> Data for this task:
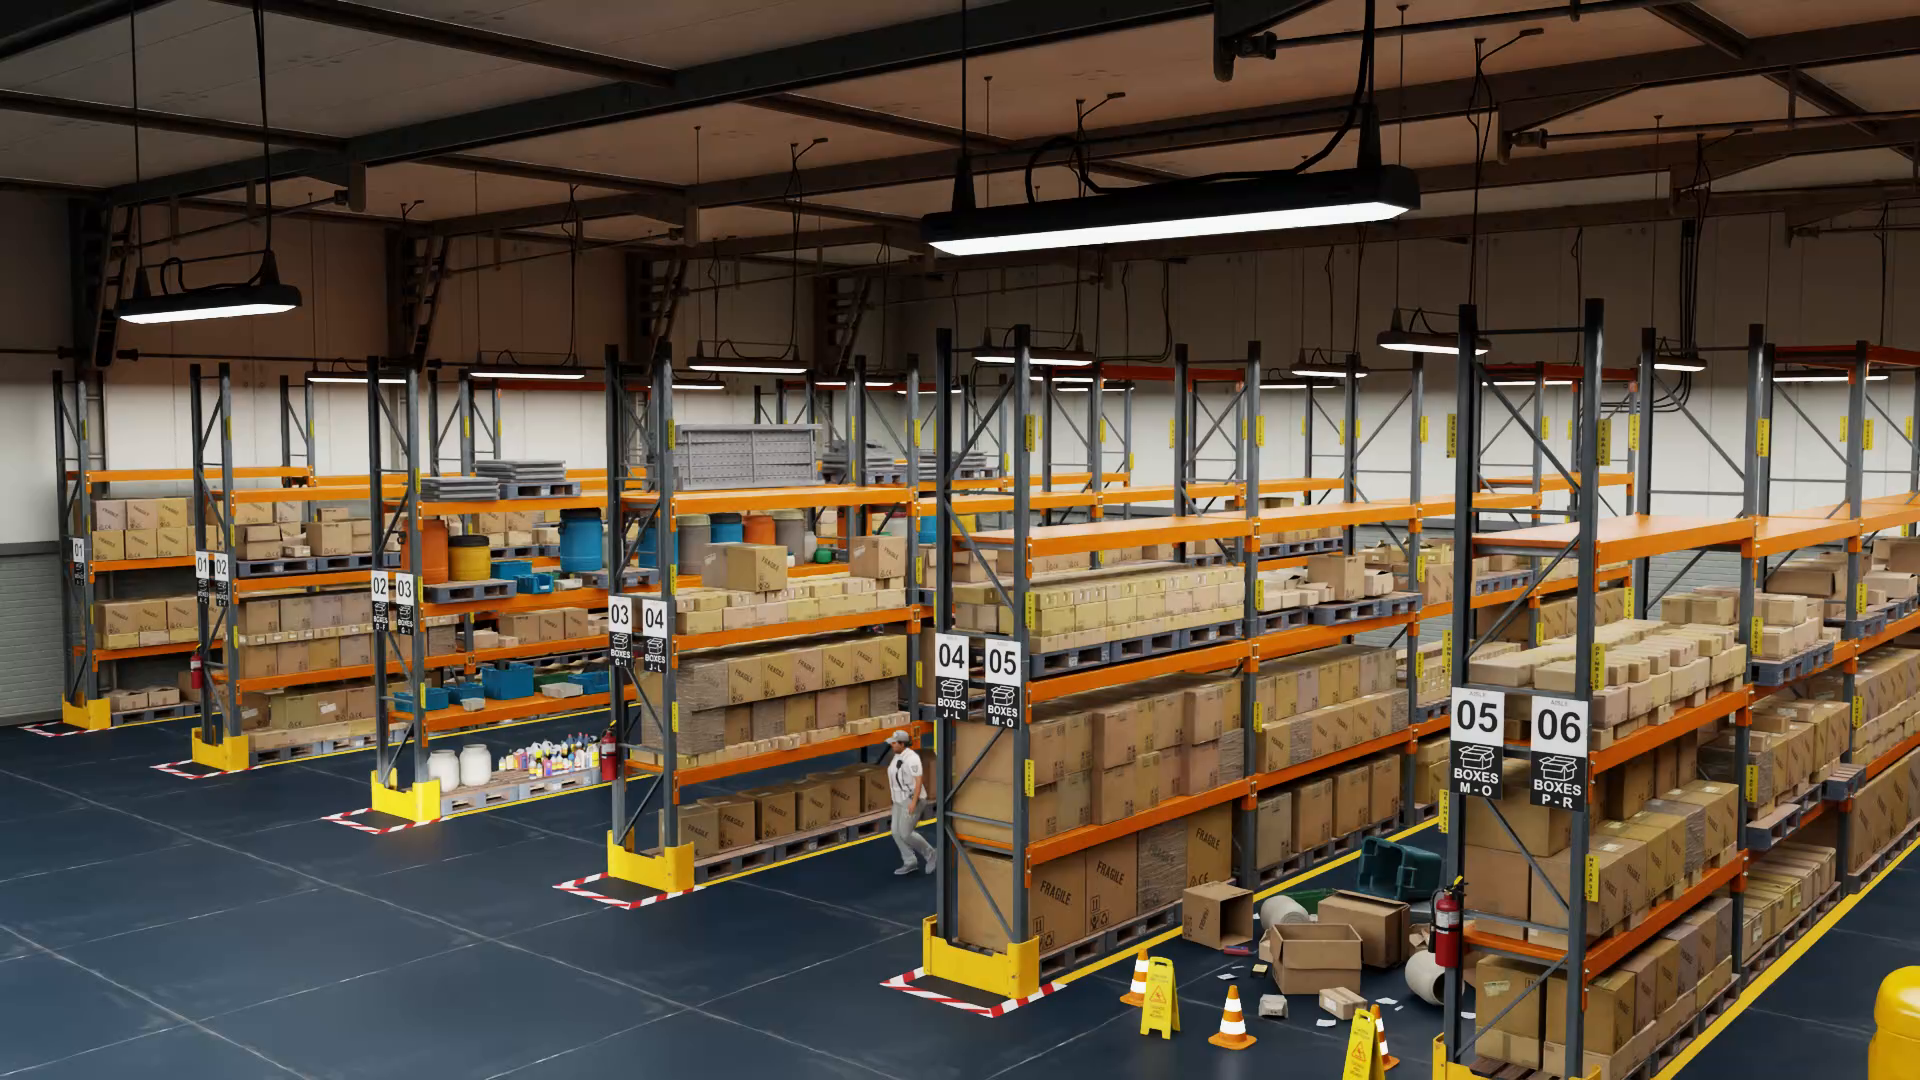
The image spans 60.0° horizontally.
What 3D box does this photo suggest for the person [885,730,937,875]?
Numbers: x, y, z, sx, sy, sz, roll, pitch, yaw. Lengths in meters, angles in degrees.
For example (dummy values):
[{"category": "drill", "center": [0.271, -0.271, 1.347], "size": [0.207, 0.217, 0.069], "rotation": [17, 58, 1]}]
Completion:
[{"category": "person", "center": [-0.573, 2.982, 18.984], "size": [0.535, 1.645, 0.553], "rotation": [-2, 5, -27]}]
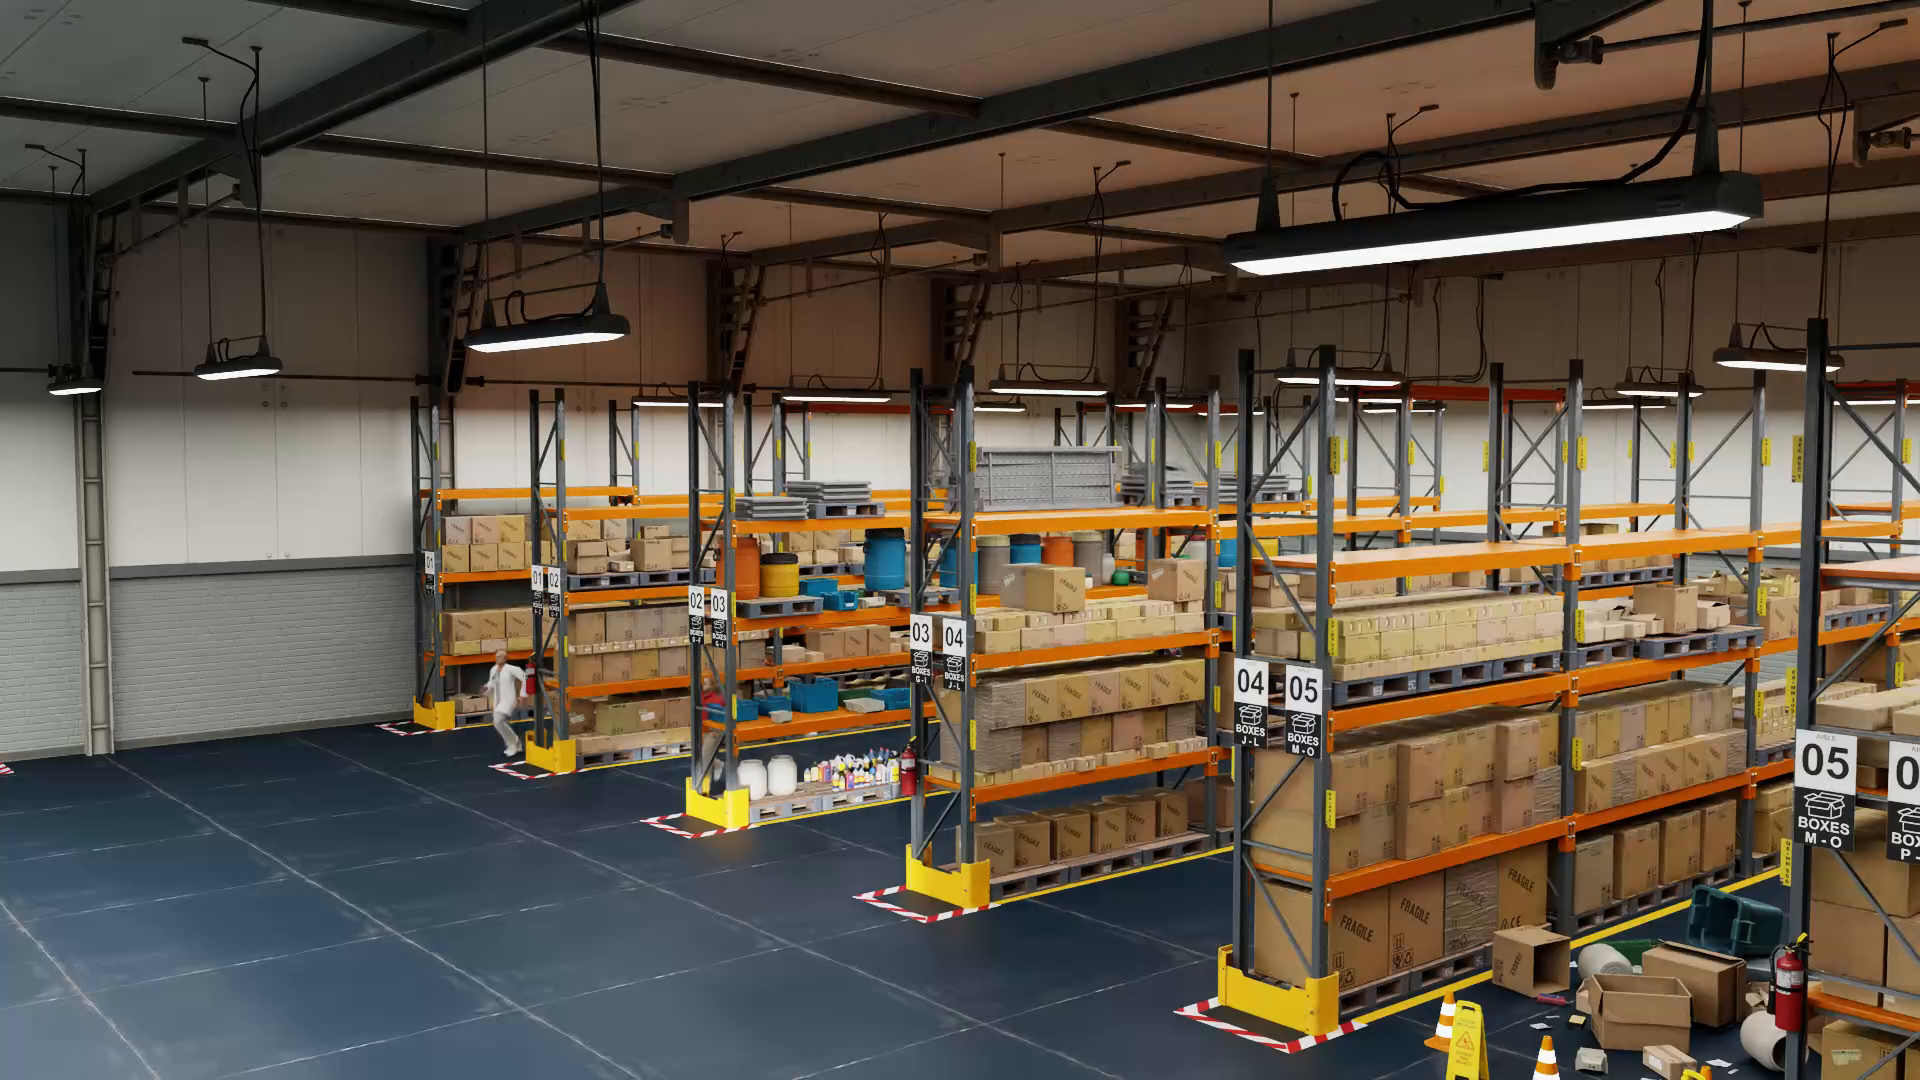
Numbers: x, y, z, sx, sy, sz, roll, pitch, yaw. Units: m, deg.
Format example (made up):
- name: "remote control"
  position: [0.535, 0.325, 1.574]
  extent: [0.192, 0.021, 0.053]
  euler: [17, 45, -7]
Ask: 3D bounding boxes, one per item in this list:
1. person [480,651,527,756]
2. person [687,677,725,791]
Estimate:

> What the exercise asks: Where an entry holds an image, drop the image and copy the remaining text exactly.

> Finished task:
The image spans 60.0° horizontally.
What 3D box does this photo suggest for the person [885,730,937,875]?
Numbers: x, y, z, sx, sy, sz, roll, pitch, yaw. Lengths in meters, angles in degrees.
For example (dummy values):
[{"category": "drill", "center": [0.271, -0.271, 1.347], "size": [0.207, 0.217, 0.069], "rotation": [17, 58, 1]}]
Completion:
[{"category": "person", "center": [-0.573, 2.982, 18.984], "size": [0.535, 1.645, 0.553], "rotation": [-2, 5, -27]}]
Numbers: x, y, z, sx, sy, sz, roll, pitch, yaw. Units: m, deg.
Format example (made up):
- name: "remote control"
  position: [0.535, 0.325, 1.574]
  extent: [0.192, 0.021, 0.053]
  euler: [17, 45, -7]
Ask: 3D bounding boxes, one per item in this list:
1. person [480,651,527,756]
2. person [687,677,725,791]
Estimate:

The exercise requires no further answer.